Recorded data
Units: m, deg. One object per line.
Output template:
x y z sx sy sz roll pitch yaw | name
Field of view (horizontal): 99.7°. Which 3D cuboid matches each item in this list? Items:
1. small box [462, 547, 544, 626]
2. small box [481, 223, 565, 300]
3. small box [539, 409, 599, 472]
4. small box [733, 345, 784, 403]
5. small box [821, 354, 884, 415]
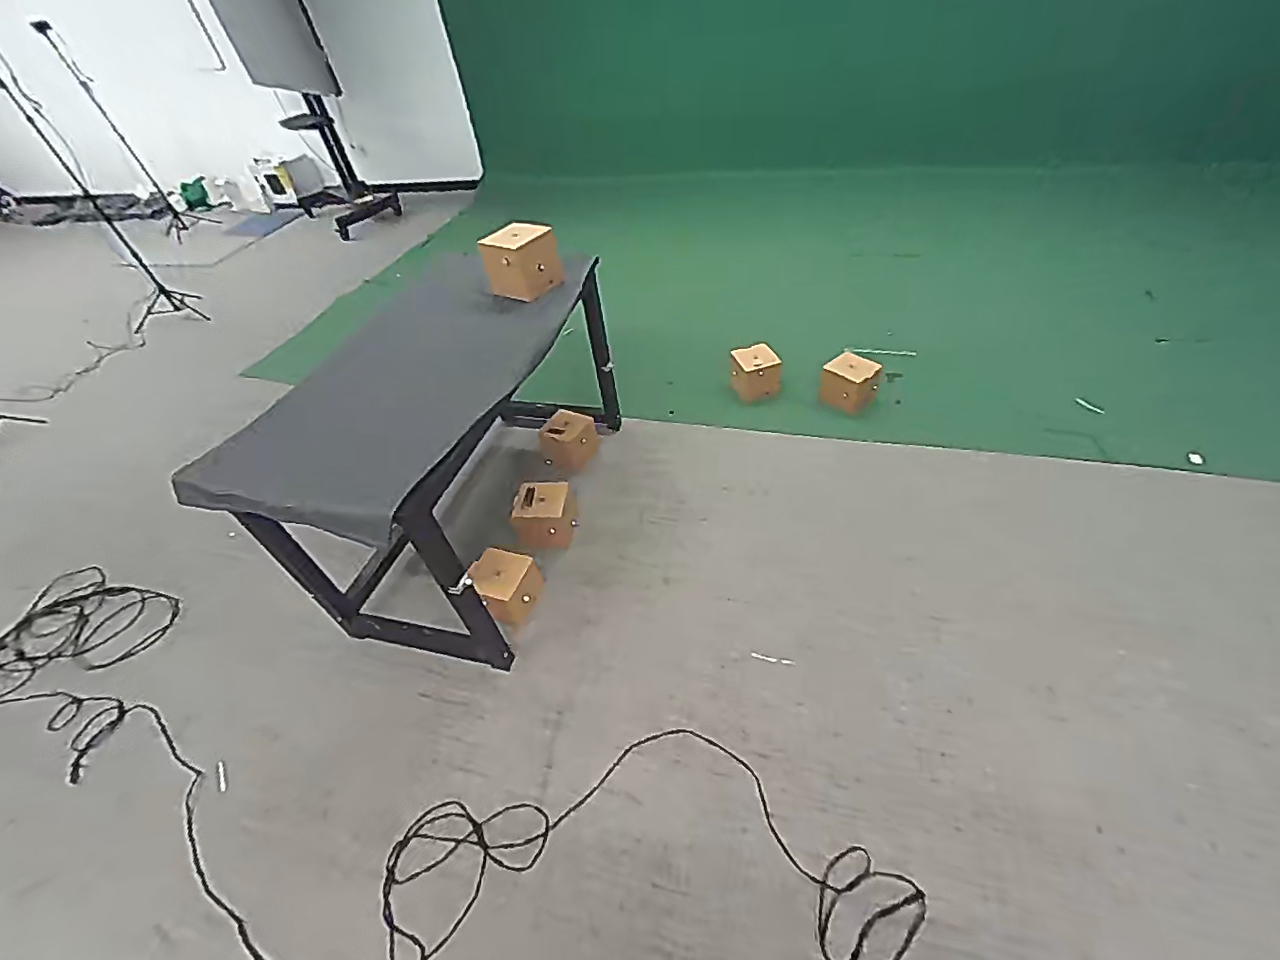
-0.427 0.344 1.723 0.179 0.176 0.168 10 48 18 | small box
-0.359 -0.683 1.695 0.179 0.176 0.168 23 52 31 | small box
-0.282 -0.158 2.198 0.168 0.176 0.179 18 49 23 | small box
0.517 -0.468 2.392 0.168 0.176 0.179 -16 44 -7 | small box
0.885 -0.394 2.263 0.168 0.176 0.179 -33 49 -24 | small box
---
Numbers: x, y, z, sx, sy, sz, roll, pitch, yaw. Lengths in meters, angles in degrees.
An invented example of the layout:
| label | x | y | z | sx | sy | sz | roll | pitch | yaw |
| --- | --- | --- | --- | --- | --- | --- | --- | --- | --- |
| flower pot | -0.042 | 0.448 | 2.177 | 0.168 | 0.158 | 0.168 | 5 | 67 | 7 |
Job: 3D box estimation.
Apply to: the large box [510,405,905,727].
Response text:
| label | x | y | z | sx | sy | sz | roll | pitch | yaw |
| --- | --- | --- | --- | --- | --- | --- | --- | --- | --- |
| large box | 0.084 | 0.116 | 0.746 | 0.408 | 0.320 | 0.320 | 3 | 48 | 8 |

**EXERCISE PROMPT**
Reproduce, exactly as they stand in the data above, the lines from the one that holds "Units: m, deg. One object per line." to the one that holds "4. small box [733, 345, 784, 403]", inclusive.

**ANSWER SECTION**
Units: m, deg. One object per line.
Output template:
x y z sx sy sz roll pitch yaw | name
Field of view (horizontal): 99.7°. Which 3D cuboid matches each item in this list? Items:
1. small box [462, 547, 544, 626]
2. small box [481, 223, 565, 300]
3. small box [539, 409, 599, 472]
4. small box [733, 345, 784, 403]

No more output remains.